古代の日本人は大陸の先進文明を遠ざけていた節がある――。彼らはなぜ、農耕や金属生産などのテクノロジーに対して拒絶反応を示したのか? 彼らが、大陸と行き来していた海人たちの情報から知った「文明の恐怖」とは?
※本稿は、関裕二 著『海洋の日本古代史』(PHP新書)を一部抜粋・編集したものです。
太古から日本列島人は、根本的なところで「中華」や「中国文明」を遠ざけていた気配がある。
不思議なのは、日本の中国文明に対する接し方だ。日本列島人は、中国文明を仰ぎ見つつも、すべてをそっくり受け入れようとはしなかった。
隋や唐で整った律令制度を、七世紀の政権はよく学び、死に物狂いで整備していったが、それでも「皇帝の絶大な権力」を、日本の天皇には当てはめなかった。ヤマト建国時から続けられてきた豪族(貴族)による合議制を守ったのだ。
それが太政官システムで、ここで決まった案件を天皇が追認し、文書にすることで、行政が動いた。同じ律令制度だが、ここに、大きな差がある。日本は中国の猿まねをすることはなかった。遣唐使船は多くの文物を日本に持ち帰ったが、日本人が必要と思うものだけを、取捨選択している。
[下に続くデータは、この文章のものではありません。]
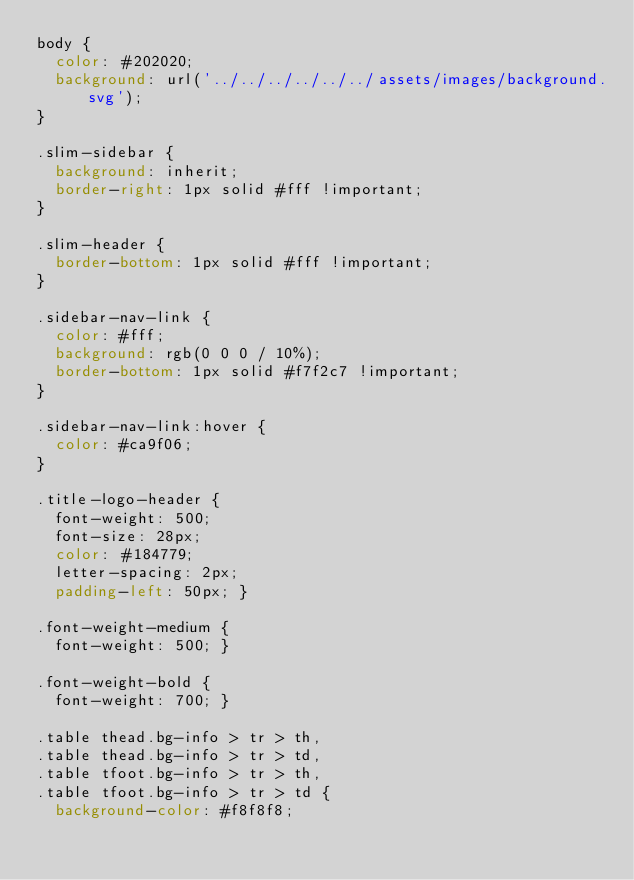<code> <loc_0><loc_0><loc_500><loc_500><_CSS_>body {
  color: #202020;
  background: url('../../../../../../assets/images/background.svg');
}

.slim-sidebar {
  background: inherit;
  border-right: 1px solid #fff !important;
}

.slim-header {
  border-bottom: 1px solid #fff !important;
}

.sidebar-nav-link {
  color: #fff;
  background: rgb(0 0 0 / 10%);
  border-bottom: 1px solid #f7f2c7 !important;
}

.sidebar-nav-link:hover {
  color: #ca9f06;
}

.title-logo-header {
  font-weight: 500;
  font-size: 28px;
  color: #184779;
  letter-spacing: 2px;
  padding-left: 50px; }

.font-weight-medium {
  font-weight: 500; }

.font-weight-bold {
  font-weight: 700; }

.table thead.bg-info > tr > th,
.table thead.bg-info > tr > td,
.table tfoot.bg-info > tr > th,
.table tfoot.bg-info > tr > td {
  background-color: #f8f8f8;</code> 
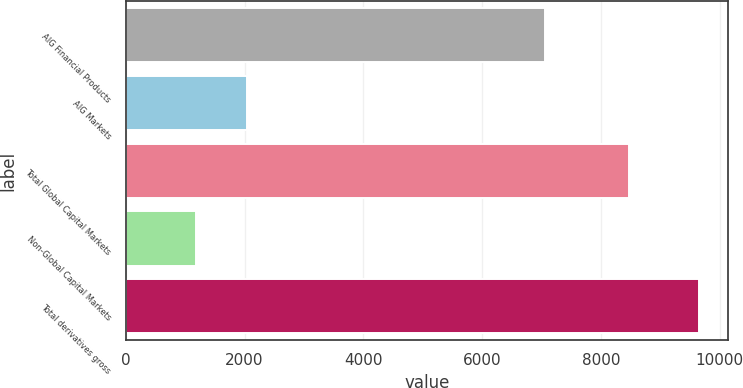Convert chart. <chart><loc_0><loc_0><loc_500><loc_500><bar_chart><fcel>AIG Financial Products<fcel>AIG Markets<fcel>Total Global Capital Markets<fcel>Non-Global Capital Markets<fcel>Total derivatives gross<nl><fcel>7063<fcel>2035.2<fcel>8472<fcel>1188<fcel>9660<nl></chart> 
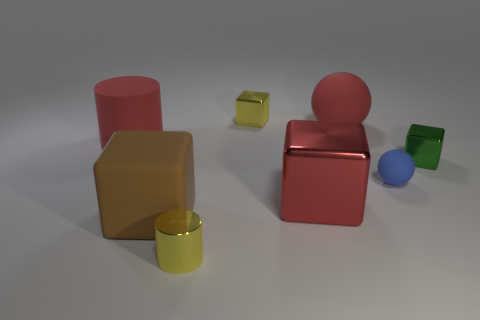The large shiny object that is the same color as the big matte sphere is what shape?
Make the answer very short. Cube. There is a cylinder that is the same color as the large shiny block; what is its material?
Make the answer very short. Rubber. Does the big cylinder have the same color as the large shiny block?
Offer a terse response. Yes. How many other things are there of the same material as the large brown block?
Offer a terse response. 3. There is a big object that is in front of the shiny cube that is in front of the green metallic cube; how many tiny cubes are behind it?
Your answer should be compact. 2. What number of shiny things are either purple objects or cylinders?
Provide a succinct answer. 1. There is a sphere behind the small metal object right of the tiny blue matte object; what is its size?
Provide a short and direct response. Large. There is a large block behind the large brown object; does it have the same color as the sphere that is behind the small matte thing?
Provide a succinct answer. Yes. There is a matte object that is both in front of the large red rubber cylinder and on the right side of the large metallic cube; what color is it?
Your response must be concise. Blue. Is the material of the large brown thing the same as the small green object?
Give a very brief answer. No. 
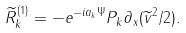Convert formula to latex. <formula><loc_0><loc_0><loc_500><loc_500>\widetilde { R } _ { k } ^ { ( 1 ) } = - e ^ { - i a _ { k } \Psi } P _ { k } \partial _ { x } ( \widetilde { v } ^ { 2 } / 2 ) .</formula>

縄文時代、列島人は稲作や農耕の存在をすでに知っていて、それでも積極的に取り入れようとしなかった可能性が高い。縄文人は狩猟採集を生業にしていた。
必要以上の獲物を捕らず、縄張りを守り、暮らしていたのだ。農耕を始めれば、人びとが争いはじめることを、縄文人は海人たちから聞いて、知っていたのではなかったか。
神話にスサノヲが最初、新羅に舞い下りたとある。ところがスサノヲはここに住みたくないと言い、「朝鮮半島には金属の宝があるが、日本には浮宝がなければいけない」と述べている。
「浮宝」は、船の材料となる樹木のことで、息子の五十猛神(いそたけるのかみ)とともに、植林をしている。「文明が興り森を失えば、どうなるか」を、スサノヲは朝鮮半島で見聞きしてきたのではなかったか。
神話だからといって笑殺できない。弥生時代後期からヤマト建国に至る歴史を反映していると思う。中国は大混乱の時代で、後漢から『三国志』の時代に突入しようとしていた。
魏・呉・蜀の覇権争いは、物語としては面白いが、状況は悲惨だった。天候不順と飢餓と戦乱で、人口が最盛期の10分の1に激減した。実態は、戸籍上の人口激減だが、それでも多くの人が亡くなり、逃亡し、流民が大量発生していたのだ。まさに、地獄絵巻だっただろう。
この「文明」の惨憺たる姿を見聞きしたスサノヲは、「日本は文明を否定するべきではないか」と考えたのではなかったか。冶金(やきん)と農耕が文明を生み、文明は森を消費する。
遊牧民は豊穣の大地を追われた人たちで、栄える文明の富と土地を、虎視眈々と狙い続けた。少数の騎馬だけでも、森を失った文明を略奪することができたのだ。
森を失えば、天候は荒れ、食料生産は滞り、異民族が流れ込み、混乱が巻き起こり、いずれ文明は衰退する。縄文的で多神教的なスサノヲの感性は、その情景をおぞましく感じたのだろう。
稲作文化が関東に広まるまで数百年の年月を要したのも、「農耕とともに戦争がやってくる」ことを、列島人はよく知っていたからではないか。
そして、経験知がなければ容易に渡ることのできない海が、彼我の間に横たわっていたからこそ、列島人は悠長に、文明を拒むことができたのではなかったか。